In theory, the Democrats should be sitting pretty, but of course they aren’t. If they were “smart” they would threaten to let the Bush tax cuts expire—after all, the country was more prosperous without them than with them—but Democrats have long been convinced that Republicans own the tax-cutting issue. For the past five years the Democrats have been talking about how much they want to raise taxes on rich people, but they’ve never gotten around to it, which suggests that they don’t want to raise taxes on rich people, or anyone else.

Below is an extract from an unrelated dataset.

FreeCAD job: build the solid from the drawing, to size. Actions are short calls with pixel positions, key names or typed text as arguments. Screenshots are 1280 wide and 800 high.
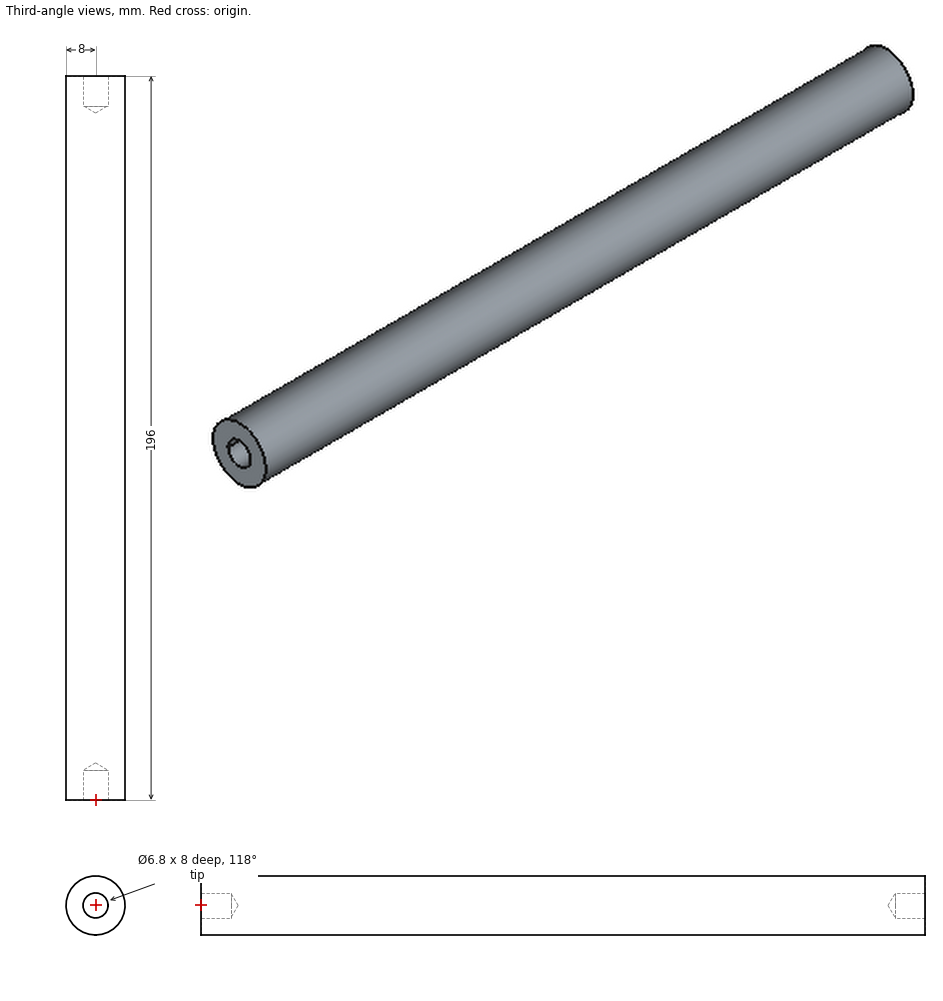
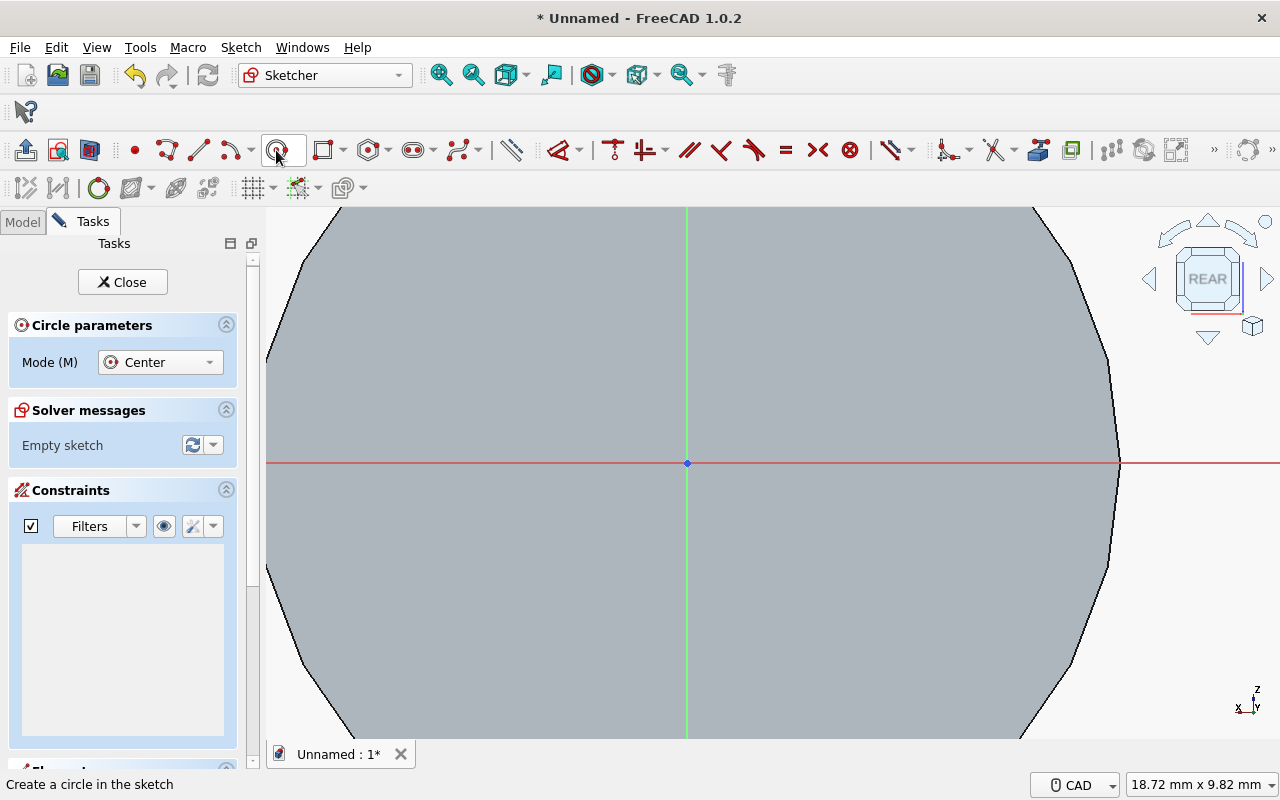
click(687, 463)
move(817, 333)

Still, the water is slopping back the Democrats’ way. When the super committee shrivels to nothing—as it will—the Republicans will decide that they can’t really let the projected sequestration of defense monies take effect. Romney, after all, is demanding that defense spending will go up, and as his rivals continue to implode, congressional Republicans will have to listen more closely to what he’s saying. Democrats, of course, don’t really want to cut defense spending either, but they will (rightly) insist on extracting a price—reduced cuts in domestic spending.

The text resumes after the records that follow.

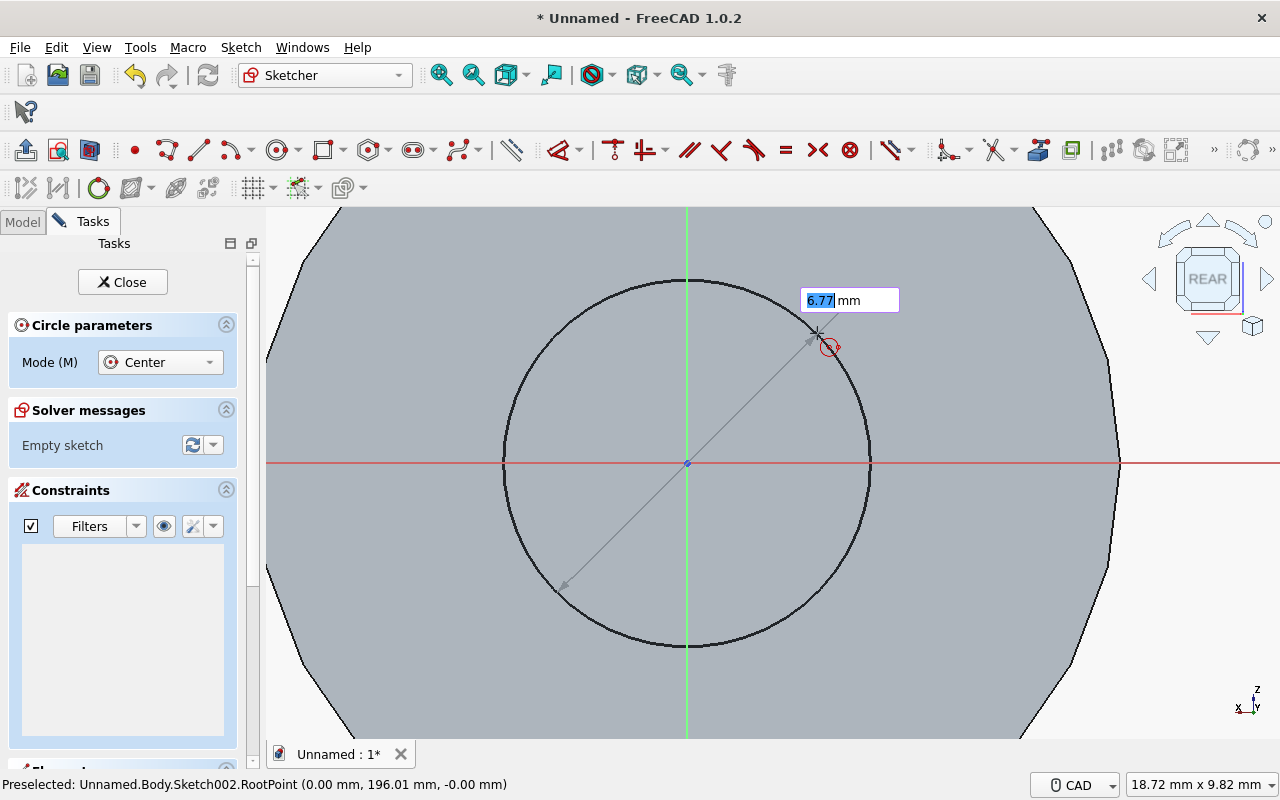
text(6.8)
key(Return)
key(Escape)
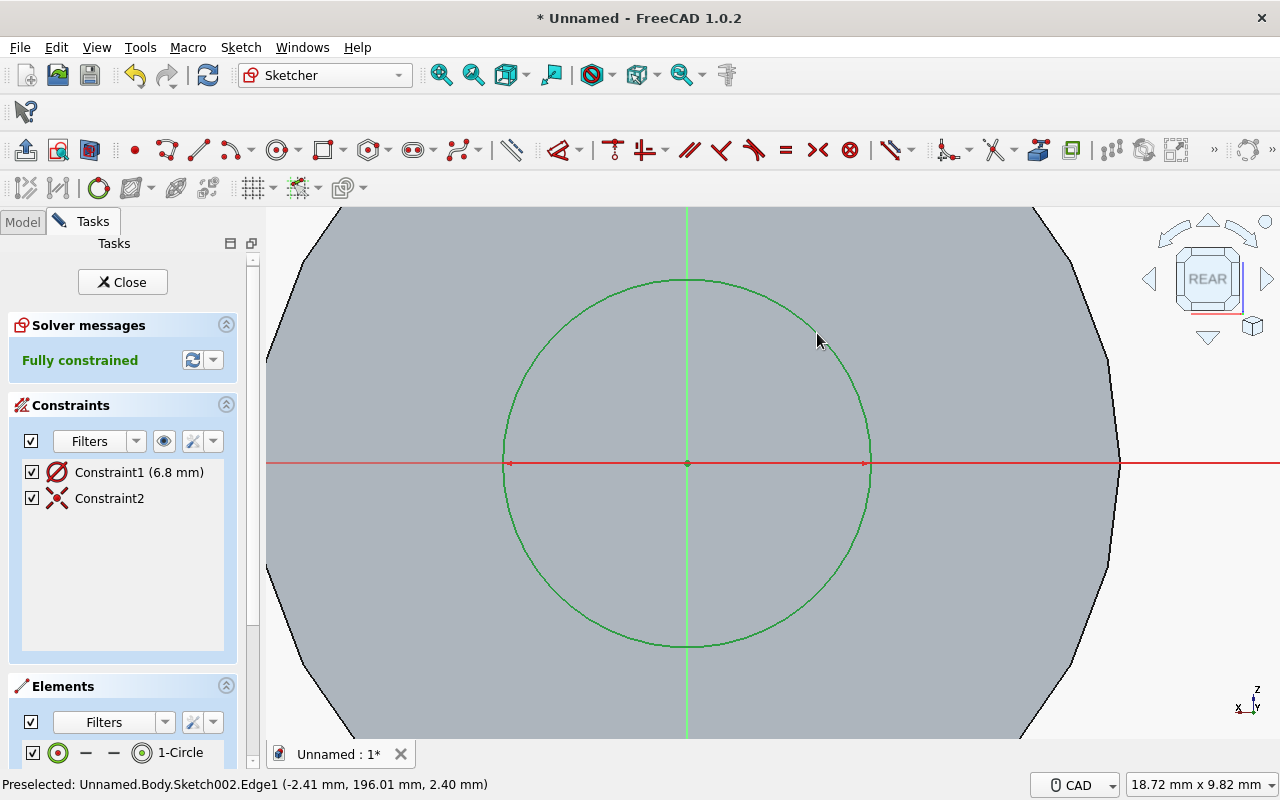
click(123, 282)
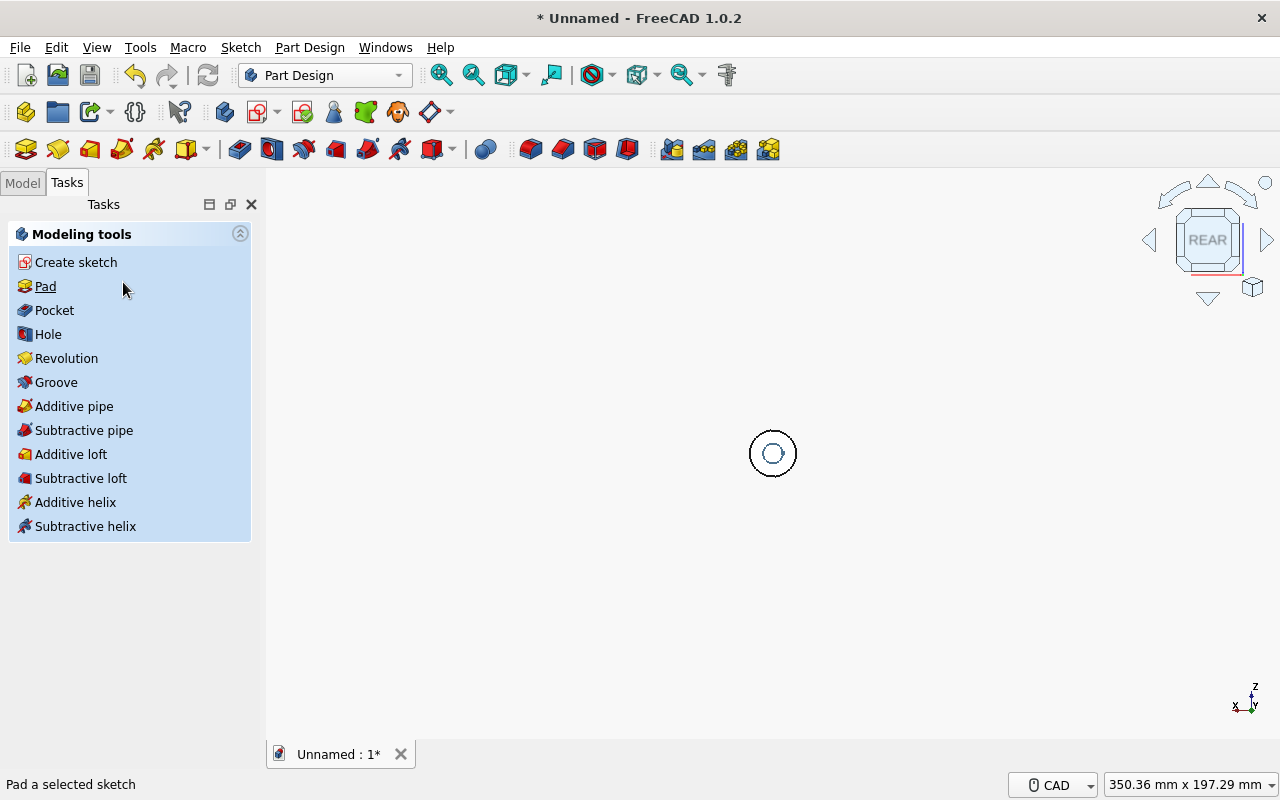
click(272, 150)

The new farm bill points the way—lots of money for food stamps and Amtrak (not previously regarded as a farm program) plus enough gimmicks to make the World Trade Organization gag. Supposedly, we’ll be whacking a whole $2.3 billion a year out of price supports (less than 10%)—not exactly a hardship, since farm income is at an all-time high—but you can bet that succeeding Congresses will find a way to sweeten that bitter bill with emergency supplementals and add-ons. There’s always a drought or a flood somewhere, if you look hard enough. And, if you wait long enough, always water running back to the other end of the tub.